The only complete (nonheuristic) algorithm for path planning in an uncertain
environment that was produced in this earlier period seems to be the Pledge
algorithm described by Abelson and diSessa [36]. The algorithm is shown to
converge; no performance bounds are given (its performance was assessed later
in Ref. 56). However, the algorithm addresses a problem different from ours:
The robot’s task is to escape from an arbitrary maze. It can be shown that the
Pledge algorithm cannot be used for the common mobile robot task of reaching
a specific point inside or outside the maze.

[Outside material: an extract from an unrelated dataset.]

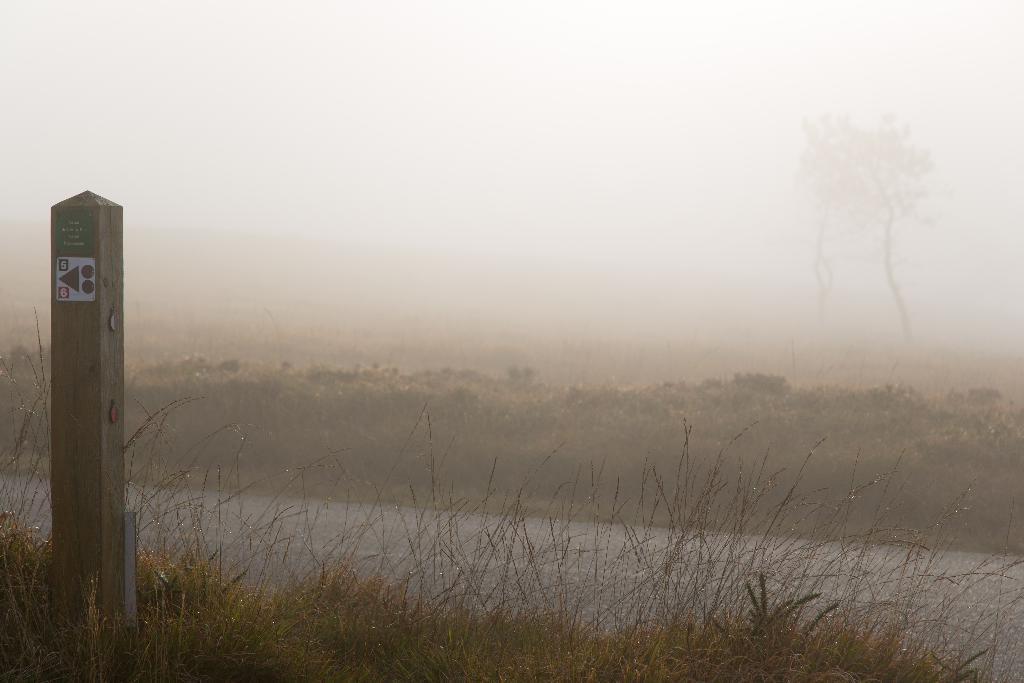Please provide a concise description of this image. This picture might be taken from outside of the city. In this image, on the left side, we can see a wood pole. In the background there are some trees. On the top, we can see a sky, at the bottom there a is a road and a grass.

That the convergence of motion planning algorithms with uncertainty cannot
be left to one’s intuition is underscored by the following example, where a
seemingly reasonable strategy can produce disappointing results. Consider this
9
algorithm; let us call it Optimist :
1. Walk directly toward the target until one of these occurs:
(a) The target is reached. The procedure stops.
(b) An obstacle is encountered. Go to Step 2.
2. Turn left and follow the obstacle boundary until one of these occurs:
(a) The target is reached. The procedure stops.
(b) The direction toward the target clears. Go to Step 1.
Common sense suggests that this procedure should behave reasonably well, at
least in simpler scenes. Indeed, even complex-looking examples can be readily
designed where the algorithm Optimist will successfully bring the robot to the
target location. Unfortunately, it is equally easy to produce simple scenes in
which the algorithm will fail. In the scene shown in Figure 2.23a, for example,
the algorithm would take the robot to infinity instead of the target, and in the scene
of Figure 2.23b the algorithm forces the robot into infinite looping. (Depending
on the scheme’s details, it may produce the loop 1 or the loop 2.) Attempts
to fix this scheme with other common-sense modifications—for example, by
alternating the left and right direction of turns in Step 2 of the algorithm—will
likely only shift the problem: the algorithm will perhaps succeed in the scenes
in Figure 2.23 but fail in some other scenes.
This example suggests that unless convergence of an algorithm is proven
formally, the danger of the robot going astray under its guidance is real. As
we will see later, the problem becomes even more unintuitive in the case of
9 The procedure has been frequently suggested to me at various meetings.